On Sunday morning, January 19th, weather conditions were right for a first-of-the-morning bicycle trip from Dundee to Carter Lake. With the expansive story about the grand Trumpeter Swans in the Saturday issue of the Omaha World-Herald, it was time to once again enjoy the fowl congregation, and participate in some wildlife viewing, using terminology used by bureaucrats that need to put things into particular categories.
The outing started as the first of this day's light spread across the hills and valley west of the Missouri River. There was no need to purchase gas, because the mode of transportation was a well-used bicycle, with a rear brake that was only slightly working, and not contributing hardly anything to being able to stop quickly, as is sometimes required on the hard streets of urban Omaha.
The ride of more than eight miles was mostly a smooth ride, despite the roughness of some pavement places. Particular attention was given to traffic and other possible motor vehicle hazards along the street route. Going along the well-done sidewalk/bicycle path through the City of Carter Lake did not include any stops nor the spending a single cent.

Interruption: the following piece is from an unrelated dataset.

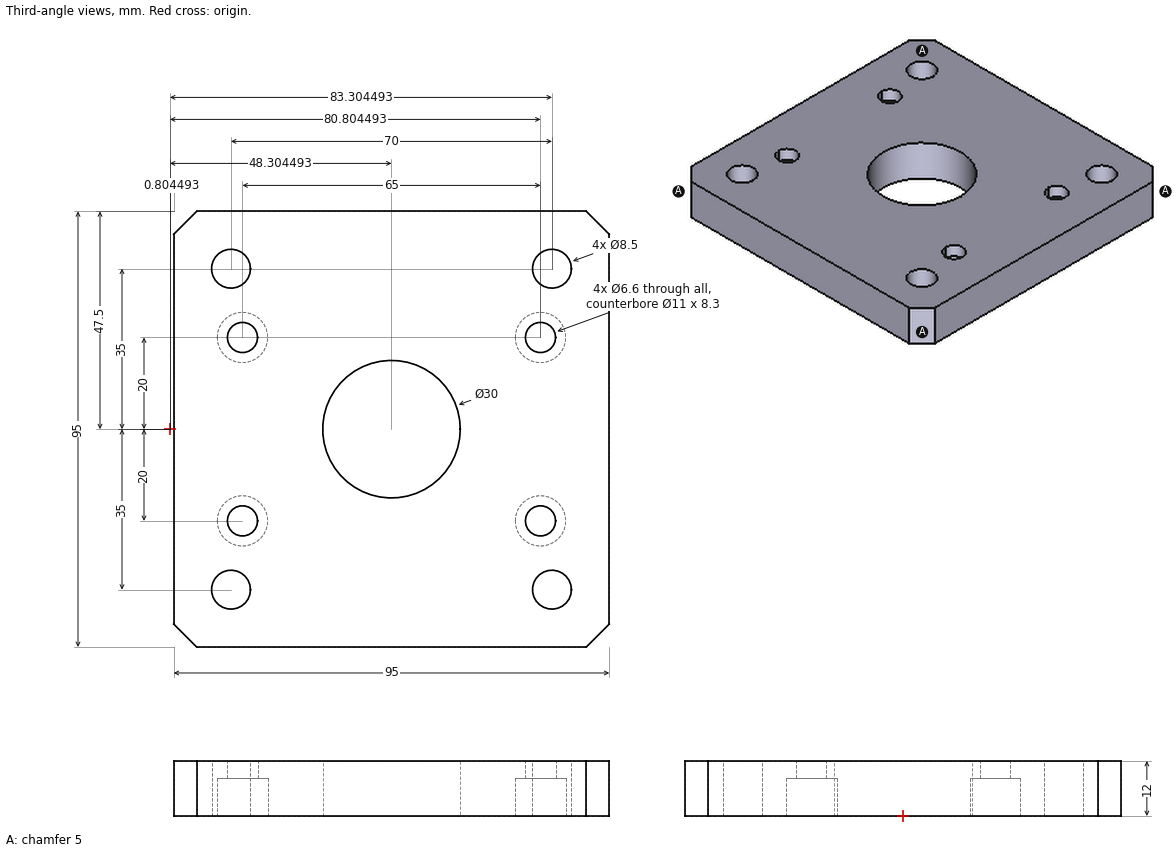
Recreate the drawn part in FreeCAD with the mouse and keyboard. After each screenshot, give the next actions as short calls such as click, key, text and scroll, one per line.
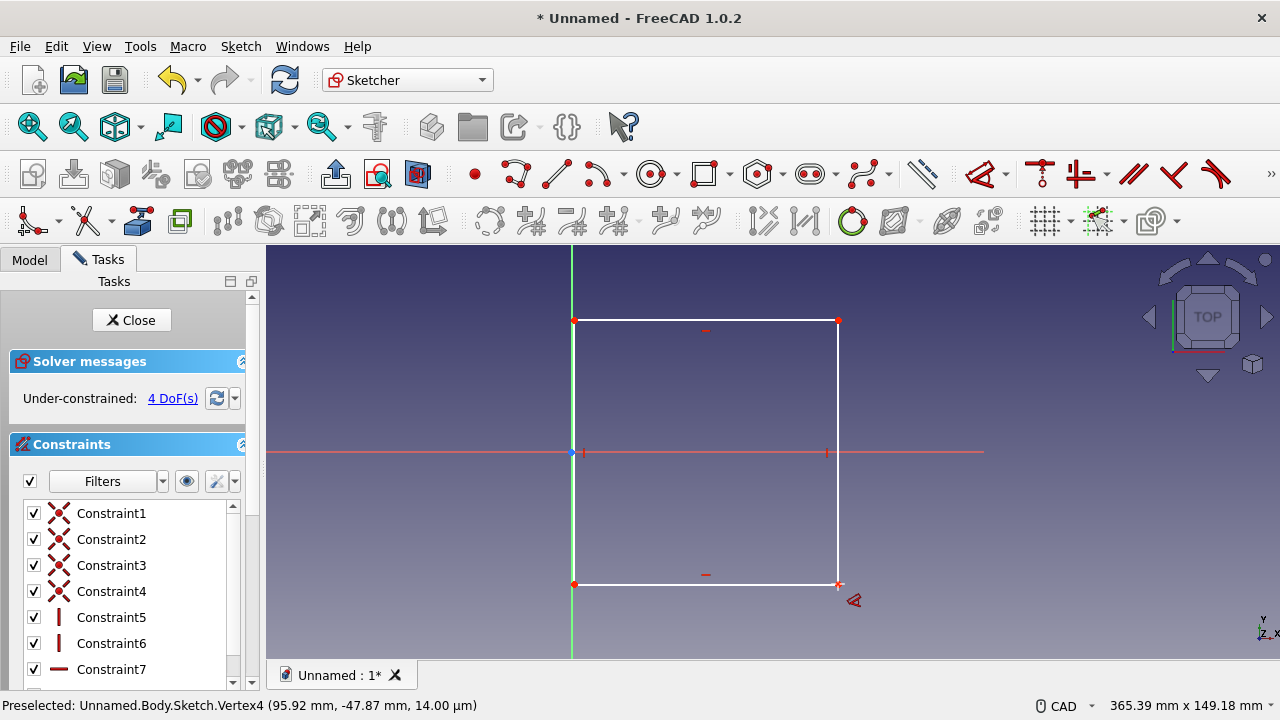
click(574, 400)
click(540, 392)

Upon arrival at Carter Lake, there were several guys fishing near Bird Isle, at the eastern extent of the oxbow lake. These sportists had a lot of stuff, including various sorts of the things needed to snag and yank fish from the lake, including small boats, augers to pierce holes, big trucks to carry everything to their destination and many other sorts of accoutrements seemingly necessary to catch fish from the lake.
Further north and slightly westward after an unknown number of rotations needed to pedal a bicycle there was the waterfowl congregation at the relatively small extent of water without a cover of ice.

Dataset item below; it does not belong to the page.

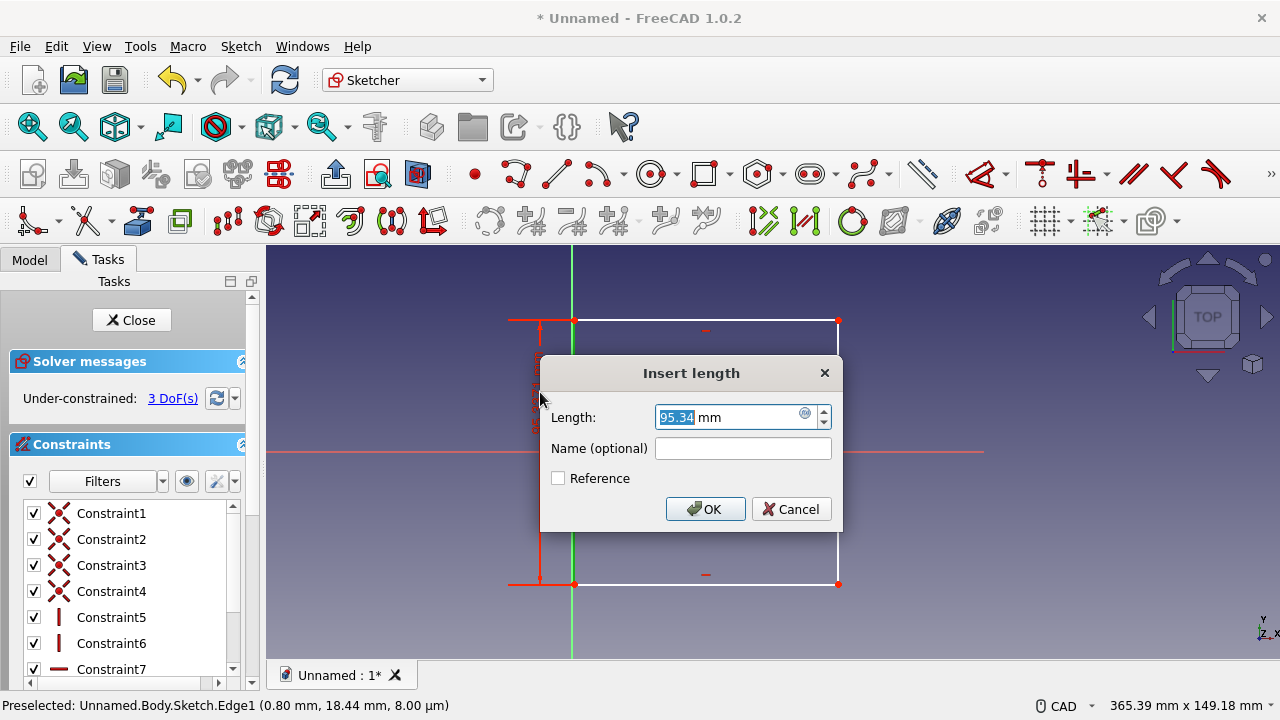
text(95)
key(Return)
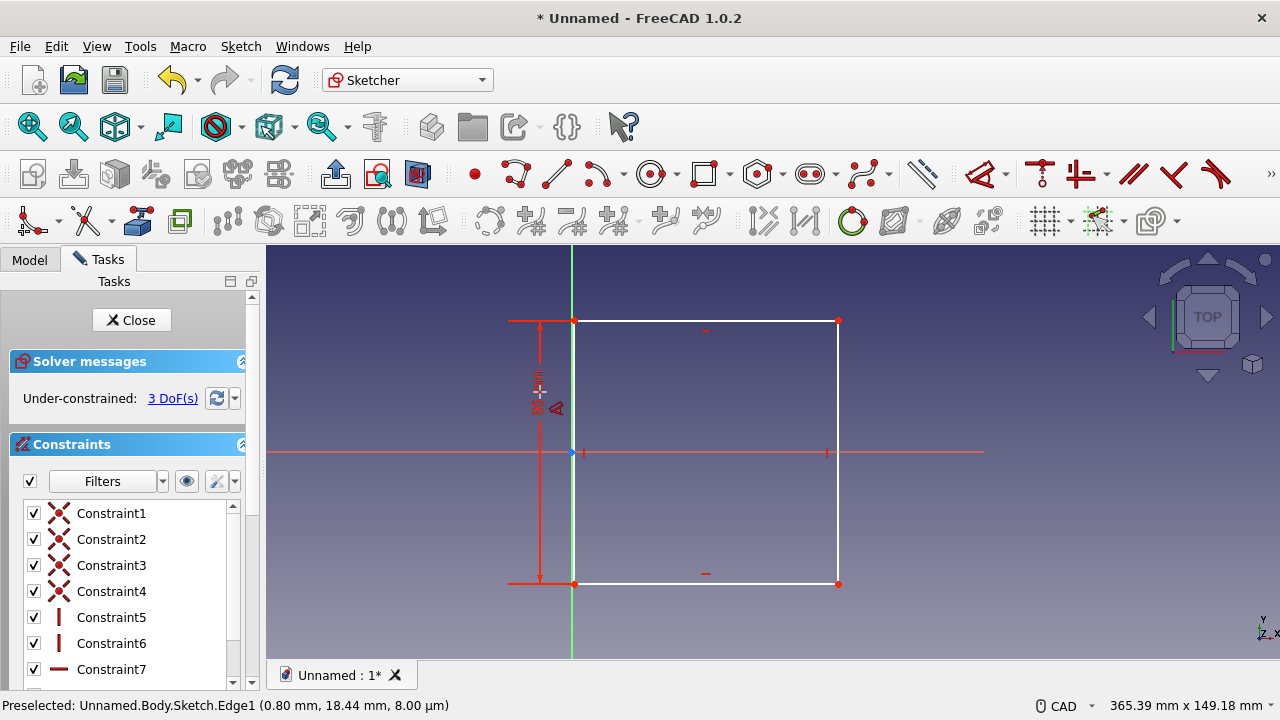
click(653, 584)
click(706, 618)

It was a phantasmagoria of many waterfowl, with individual voices heard as given by so many ducks or geese during a spectacular grandeur of wild birds on a Sunday in winter.
The magnificent Trumpeter Swans were obviously the birds which got the first attention, as they are so uniquely prominent right now at the Carter Lake.

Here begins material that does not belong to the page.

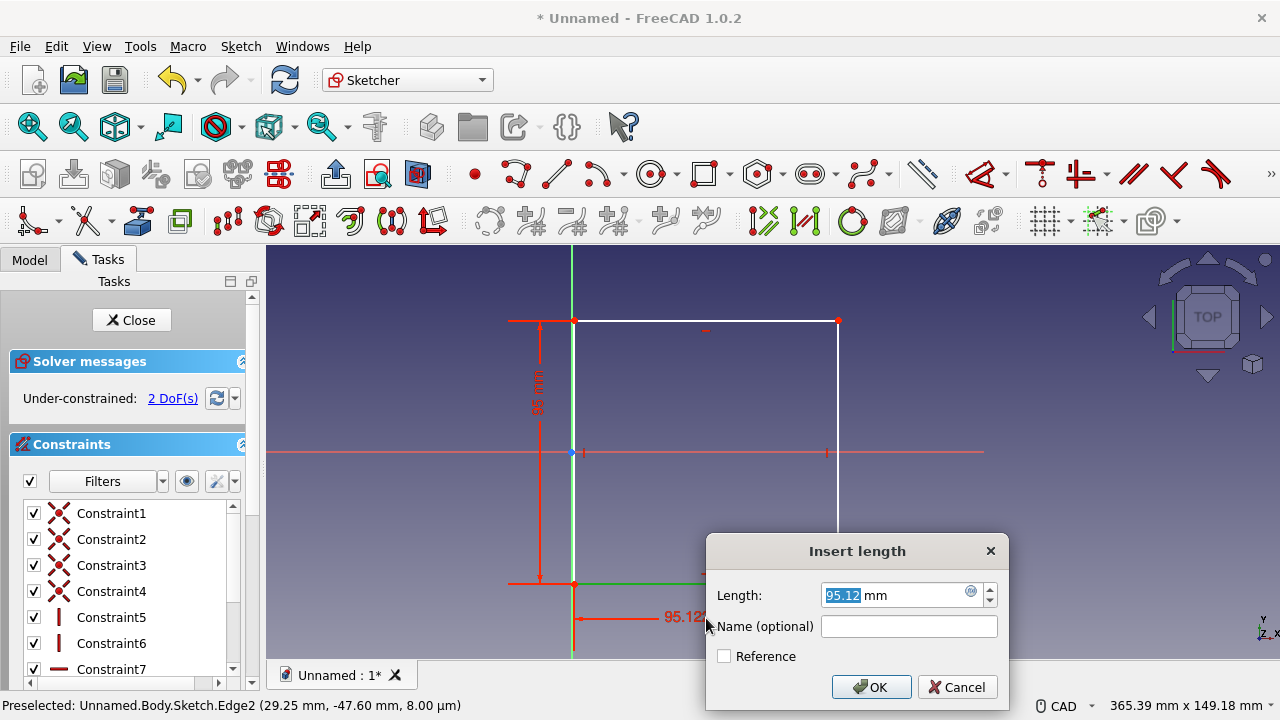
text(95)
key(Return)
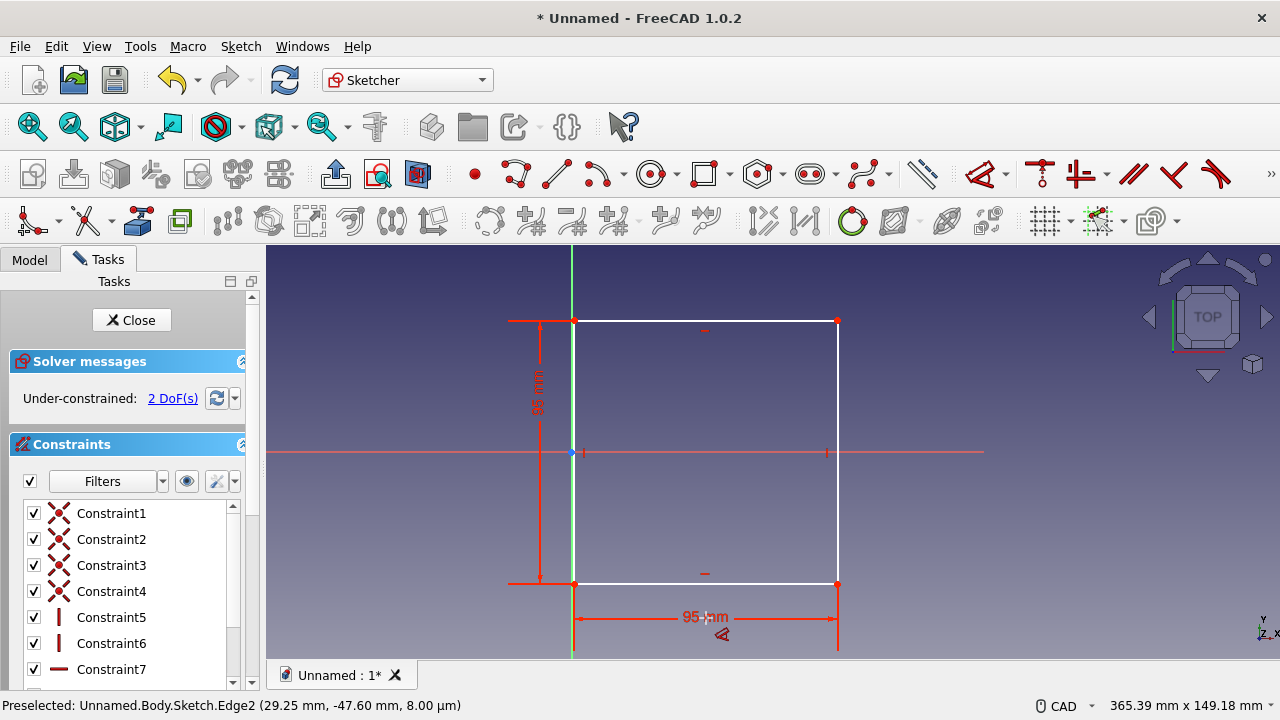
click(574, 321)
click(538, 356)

There were so many swans, with 28 the extent based upon two counts. Especially seen were the family groups, with the parents and juveniles raised during the season of 2013, going about their ways. As a family, the young appreciating guidance by elders that brought them to a "safe" haven for during the harsh winter season.
None of the waterfowl at the oxbow know anything about the "big story" in the local newspaper.
Whilst about Levi Carter Park, there was obviously no chance to spend any money, whether a nickel, a dollar or even some sort of currency in the $10-20 range. Incoming flocks of the Canada Goose, did not convey that there would be a fee to see them arrive in their full glory of sight and sound. Some Harris's Sparrows didn't ask for any remuneration in order to see them scurry among a bit of brush. A secretive pair of cardinals got a deserved appreciation at no cost to the watcher, while they do deserve recognition of their value to this park place.
Birds can be freely watched at any time. If there is money that should be spent, it would be a thousands or more to make certain that these feathered wonders have a safe haven, and that there is a place for them to thrive now and into the future.
The morning ended pedal by pedal now that would be a stat for a bureaucrat to ponder for at least eight miles back to the neighborhood. Then some pennies were spent for the electricity to enter the days records into a database, and for the time needed to scribe these words using an aged computer.
Benefit of this outing to the local economy: zero dollars and no cents. Personal value: priceless ... once again.